# [TASK TO CARRY OUT]
Each line of the listing where the string "information" appears is to be identified and copied.

*** RECORDED DATA Section Begins ***

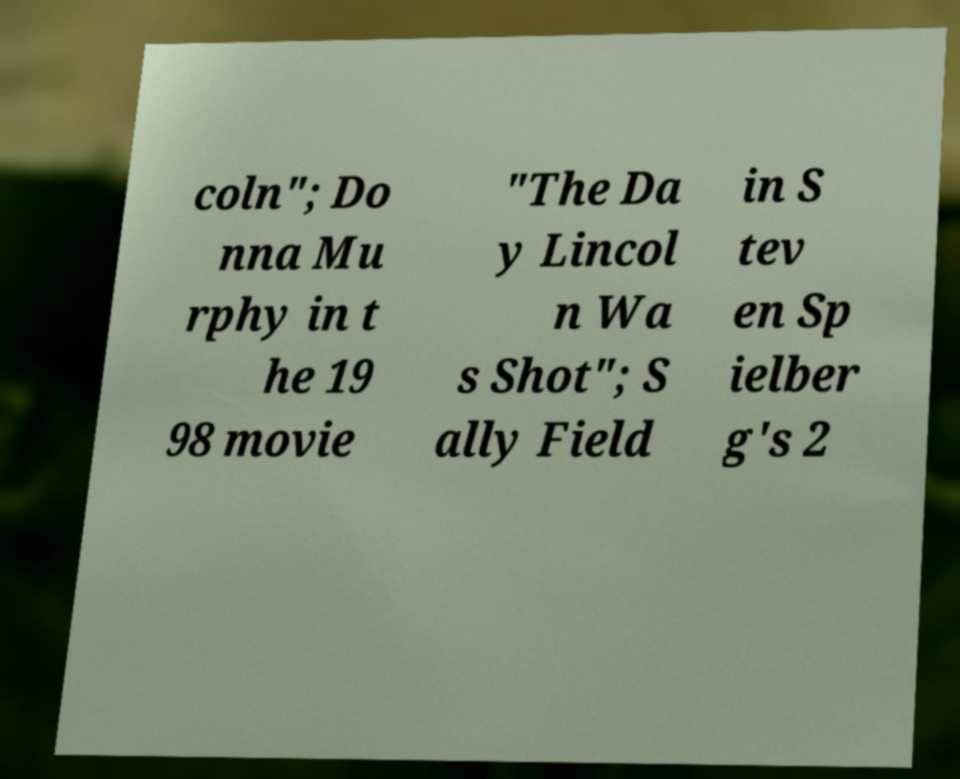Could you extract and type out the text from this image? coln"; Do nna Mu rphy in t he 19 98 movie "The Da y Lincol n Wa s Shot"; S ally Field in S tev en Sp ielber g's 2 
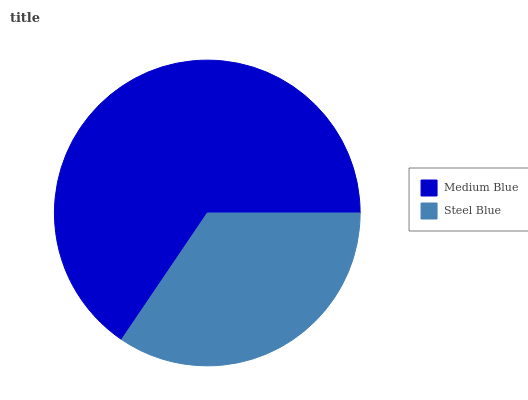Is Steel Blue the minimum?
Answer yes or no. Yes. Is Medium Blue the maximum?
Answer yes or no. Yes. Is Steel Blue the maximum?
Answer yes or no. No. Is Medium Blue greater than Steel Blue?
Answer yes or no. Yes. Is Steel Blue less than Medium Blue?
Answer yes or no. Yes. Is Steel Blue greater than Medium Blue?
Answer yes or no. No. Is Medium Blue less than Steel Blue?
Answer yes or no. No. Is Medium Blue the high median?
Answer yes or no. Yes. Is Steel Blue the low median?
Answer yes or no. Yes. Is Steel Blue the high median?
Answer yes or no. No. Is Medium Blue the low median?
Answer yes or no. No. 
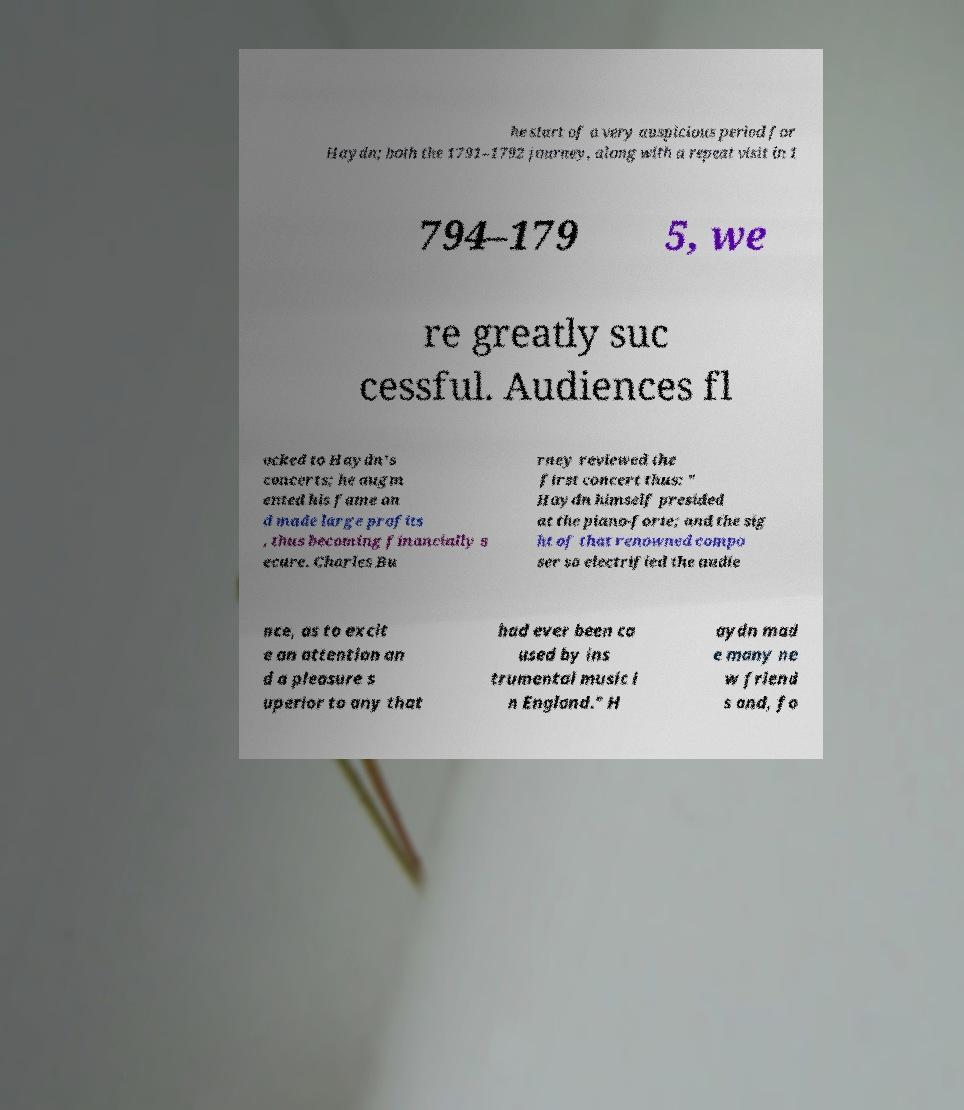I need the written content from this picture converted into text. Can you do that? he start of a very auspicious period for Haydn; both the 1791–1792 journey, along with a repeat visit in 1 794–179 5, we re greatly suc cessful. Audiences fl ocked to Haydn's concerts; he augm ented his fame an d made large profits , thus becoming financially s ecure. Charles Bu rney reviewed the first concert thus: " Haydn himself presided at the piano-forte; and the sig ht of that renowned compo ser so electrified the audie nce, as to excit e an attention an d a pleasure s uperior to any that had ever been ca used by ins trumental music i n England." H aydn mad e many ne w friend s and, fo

*** RECORDED DATA Section Ends ***
*** RECORDED DATA Section Begins ***

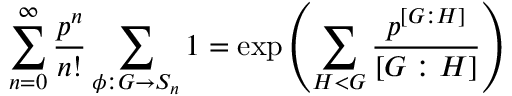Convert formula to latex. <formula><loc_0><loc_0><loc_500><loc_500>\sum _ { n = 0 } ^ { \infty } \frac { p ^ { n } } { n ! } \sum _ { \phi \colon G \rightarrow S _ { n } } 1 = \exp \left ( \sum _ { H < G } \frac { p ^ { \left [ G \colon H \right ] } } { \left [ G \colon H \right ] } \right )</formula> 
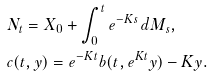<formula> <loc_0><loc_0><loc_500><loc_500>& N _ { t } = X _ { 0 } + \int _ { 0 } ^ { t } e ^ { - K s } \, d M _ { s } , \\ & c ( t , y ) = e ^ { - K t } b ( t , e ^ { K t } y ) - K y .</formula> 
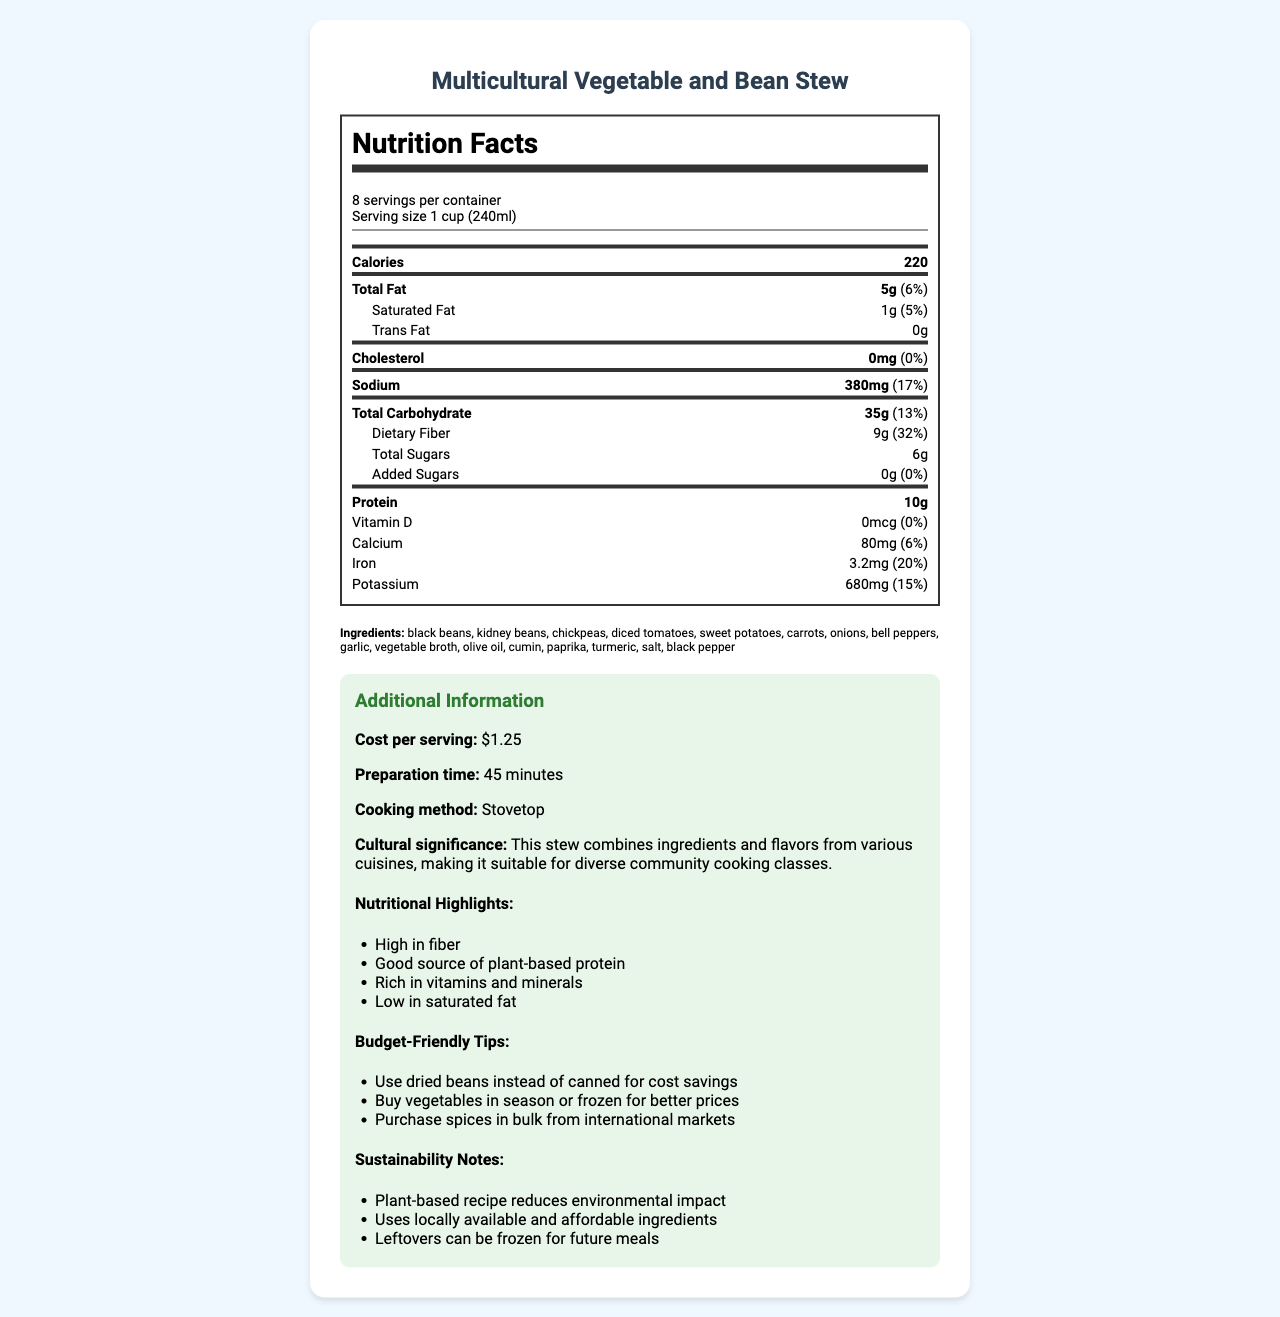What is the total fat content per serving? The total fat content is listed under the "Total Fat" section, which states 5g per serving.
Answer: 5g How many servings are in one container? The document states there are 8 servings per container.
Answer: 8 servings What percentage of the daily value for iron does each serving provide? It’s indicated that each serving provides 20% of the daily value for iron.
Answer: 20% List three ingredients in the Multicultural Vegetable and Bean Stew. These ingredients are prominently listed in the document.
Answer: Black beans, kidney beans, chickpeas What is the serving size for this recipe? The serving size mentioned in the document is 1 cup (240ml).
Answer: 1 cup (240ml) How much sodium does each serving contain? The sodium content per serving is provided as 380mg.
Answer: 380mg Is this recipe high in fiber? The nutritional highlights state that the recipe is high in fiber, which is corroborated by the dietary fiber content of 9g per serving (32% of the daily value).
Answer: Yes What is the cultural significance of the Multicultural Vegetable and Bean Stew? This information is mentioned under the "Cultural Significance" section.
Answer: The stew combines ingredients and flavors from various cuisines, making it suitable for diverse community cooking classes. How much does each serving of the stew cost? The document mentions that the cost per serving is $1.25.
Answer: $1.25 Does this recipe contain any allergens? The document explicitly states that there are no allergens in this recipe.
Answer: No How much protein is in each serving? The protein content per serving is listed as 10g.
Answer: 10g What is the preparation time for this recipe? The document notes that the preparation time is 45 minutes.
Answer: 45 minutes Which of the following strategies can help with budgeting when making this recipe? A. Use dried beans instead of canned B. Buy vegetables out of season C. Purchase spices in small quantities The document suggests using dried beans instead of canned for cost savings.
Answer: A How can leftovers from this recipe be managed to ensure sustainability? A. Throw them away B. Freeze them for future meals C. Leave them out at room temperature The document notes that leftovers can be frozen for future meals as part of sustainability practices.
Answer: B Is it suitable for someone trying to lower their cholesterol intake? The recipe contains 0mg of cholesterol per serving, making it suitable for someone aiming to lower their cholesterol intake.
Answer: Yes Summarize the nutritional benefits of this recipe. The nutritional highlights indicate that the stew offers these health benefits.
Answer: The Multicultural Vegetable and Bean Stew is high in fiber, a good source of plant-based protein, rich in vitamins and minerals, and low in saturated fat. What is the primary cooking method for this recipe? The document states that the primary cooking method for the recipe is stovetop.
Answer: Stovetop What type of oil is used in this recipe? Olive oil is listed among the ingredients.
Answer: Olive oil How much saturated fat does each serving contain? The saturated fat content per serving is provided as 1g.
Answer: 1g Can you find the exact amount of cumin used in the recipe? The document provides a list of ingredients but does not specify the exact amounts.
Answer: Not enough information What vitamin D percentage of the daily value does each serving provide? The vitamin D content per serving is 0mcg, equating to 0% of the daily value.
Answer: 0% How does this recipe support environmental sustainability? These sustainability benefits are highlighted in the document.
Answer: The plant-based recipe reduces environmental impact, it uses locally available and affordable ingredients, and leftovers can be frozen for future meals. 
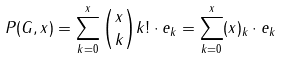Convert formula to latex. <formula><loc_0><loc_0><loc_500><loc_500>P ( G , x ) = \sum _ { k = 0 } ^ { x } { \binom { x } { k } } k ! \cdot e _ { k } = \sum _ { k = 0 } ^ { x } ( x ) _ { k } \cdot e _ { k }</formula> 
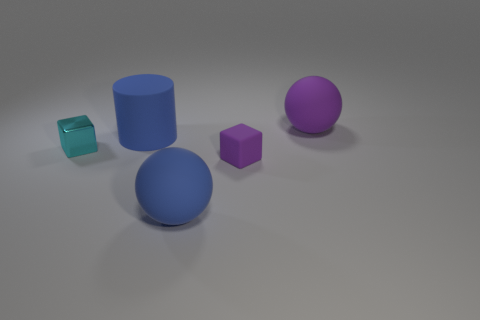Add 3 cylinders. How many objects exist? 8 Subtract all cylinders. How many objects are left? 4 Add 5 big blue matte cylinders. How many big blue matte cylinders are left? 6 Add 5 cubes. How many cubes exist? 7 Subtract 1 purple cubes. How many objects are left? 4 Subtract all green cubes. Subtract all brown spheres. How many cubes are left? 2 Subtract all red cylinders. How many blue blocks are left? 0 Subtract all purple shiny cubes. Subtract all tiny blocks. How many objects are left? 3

*** RECORDED DATA Section Ends ***
*** RECORDED DATA Section Begins ***

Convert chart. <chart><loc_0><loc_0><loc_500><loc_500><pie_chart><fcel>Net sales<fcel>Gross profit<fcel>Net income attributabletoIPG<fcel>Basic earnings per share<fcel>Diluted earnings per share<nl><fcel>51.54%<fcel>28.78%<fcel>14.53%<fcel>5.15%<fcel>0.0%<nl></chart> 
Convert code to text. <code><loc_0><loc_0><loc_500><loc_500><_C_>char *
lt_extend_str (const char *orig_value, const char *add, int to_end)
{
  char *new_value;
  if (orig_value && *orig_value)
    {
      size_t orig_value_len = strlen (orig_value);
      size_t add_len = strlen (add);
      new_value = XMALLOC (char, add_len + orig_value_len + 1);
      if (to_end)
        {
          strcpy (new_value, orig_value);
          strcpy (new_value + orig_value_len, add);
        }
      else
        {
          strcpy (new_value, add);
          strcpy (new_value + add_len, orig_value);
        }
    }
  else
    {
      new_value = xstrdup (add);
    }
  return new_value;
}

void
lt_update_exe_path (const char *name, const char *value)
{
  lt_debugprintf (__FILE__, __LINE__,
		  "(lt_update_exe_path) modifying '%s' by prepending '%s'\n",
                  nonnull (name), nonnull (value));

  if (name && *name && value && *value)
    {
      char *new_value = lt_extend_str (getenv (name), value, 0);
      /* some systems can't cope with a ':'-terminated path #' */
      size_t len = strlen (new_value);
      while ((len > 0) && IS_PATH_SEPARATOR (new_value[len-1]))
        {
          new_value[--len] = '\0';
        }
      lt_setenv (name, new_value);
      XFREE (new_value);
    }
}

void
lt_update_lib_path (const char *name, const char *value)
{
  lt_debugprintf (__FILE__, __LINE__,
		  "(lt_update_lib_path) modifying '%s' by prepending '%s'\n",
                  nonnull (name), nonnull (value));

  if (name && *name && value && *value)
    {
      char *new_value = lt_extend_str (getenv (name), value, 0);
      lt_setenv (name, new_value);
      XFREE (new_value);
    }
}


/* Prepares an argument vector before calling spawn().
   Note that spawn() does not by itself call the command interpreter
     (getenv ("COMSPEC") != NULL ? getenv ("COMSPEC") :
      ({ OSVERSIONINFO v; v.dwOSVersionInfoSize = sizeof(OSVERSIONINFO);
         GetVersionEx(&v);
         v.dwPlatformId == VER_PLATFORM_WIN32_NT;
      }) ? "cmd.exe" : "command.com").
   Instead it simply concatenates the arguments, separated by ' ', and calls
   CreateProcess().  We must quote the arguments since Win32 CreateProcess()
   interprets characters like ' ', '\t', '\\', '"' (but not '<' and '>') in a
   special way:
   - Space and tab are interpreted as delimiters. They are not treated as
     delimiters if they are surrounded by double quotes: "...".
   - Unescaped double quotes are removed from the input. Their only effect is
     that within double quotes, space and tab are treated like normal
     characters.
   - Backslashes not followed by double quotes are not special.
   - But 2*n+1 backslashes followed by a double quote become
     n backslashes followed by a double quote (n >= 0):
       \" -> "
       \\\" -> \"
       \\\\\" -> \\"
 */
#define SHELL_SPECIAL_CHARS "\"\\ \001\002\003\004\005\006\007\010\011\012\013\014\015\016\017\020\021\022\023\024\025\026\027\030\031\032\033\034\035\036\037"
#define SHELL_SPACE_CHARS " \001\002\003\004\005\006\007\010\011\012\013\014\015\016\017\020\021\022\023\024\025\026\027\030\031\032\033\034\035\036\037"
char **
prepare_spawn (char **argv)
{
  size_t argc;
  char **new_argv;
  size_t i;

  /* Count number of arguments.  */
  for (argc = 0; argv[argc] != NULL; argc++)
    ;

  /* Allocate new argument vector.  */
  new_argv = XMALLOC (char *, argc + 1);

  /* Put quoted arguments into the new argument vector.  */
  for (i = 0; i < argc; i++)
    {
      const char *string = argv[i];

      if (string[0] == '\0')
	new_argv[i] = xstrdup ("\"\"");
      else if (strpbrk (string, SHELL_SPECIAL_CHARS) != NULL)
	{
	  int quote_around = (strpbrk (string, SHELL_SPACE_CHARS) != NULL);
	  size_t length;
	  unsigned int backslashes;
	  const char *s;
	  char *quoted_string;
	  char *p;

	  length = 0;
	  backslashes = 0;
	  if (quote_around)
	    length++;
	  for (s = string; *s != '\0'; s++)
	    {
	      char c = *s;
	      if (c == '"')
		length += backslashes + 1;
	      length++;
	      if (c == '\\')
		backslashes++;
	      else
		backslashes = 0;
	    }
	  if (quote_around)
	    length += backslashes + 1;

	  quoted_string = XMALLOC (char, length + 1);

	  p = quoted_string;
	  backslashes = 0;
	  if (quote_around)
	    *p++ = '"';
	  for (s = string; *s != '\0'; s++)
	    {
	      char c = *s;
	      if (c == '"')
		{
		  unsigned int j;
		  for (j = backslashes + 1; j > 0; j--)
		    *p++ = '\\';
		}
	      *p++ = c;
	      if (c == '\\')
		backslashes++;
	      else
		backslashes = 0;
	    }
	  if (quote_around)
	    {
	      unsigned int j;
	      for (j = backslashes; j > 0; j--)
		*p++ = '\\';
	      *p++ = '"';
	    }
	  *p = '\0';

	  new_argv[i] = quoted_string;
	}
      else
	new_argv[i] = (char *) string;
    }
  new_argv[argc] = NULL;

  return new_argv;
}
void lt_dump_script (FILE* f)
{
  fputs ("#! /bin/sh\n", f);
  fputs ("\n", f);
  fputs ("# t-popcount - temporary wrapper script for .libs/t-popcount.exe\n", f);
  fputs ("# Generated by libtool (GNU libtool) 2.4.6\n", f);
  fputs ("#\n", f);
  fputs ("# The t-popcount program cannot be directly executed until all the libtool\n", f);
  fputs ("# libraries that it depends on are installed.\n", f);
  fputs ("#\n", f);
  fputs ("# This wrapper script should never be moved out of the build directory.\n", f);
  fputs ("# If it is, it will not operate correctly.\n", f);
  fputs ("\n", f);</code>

*** RECORDED DATA Section Ends ***

# [RESPONSE TO THIS EXERCISE]
Answer: Yes What is the cultural significance of the Multicultural Vegetable and Bean Stew? This information is mentioned under the "Cultural Significance" section.
Answer: Not enough information What vitamin D percentage of the daily value does each serving provide? The vitamin D content per serving is 0mcg, equating to 0% of the daily value.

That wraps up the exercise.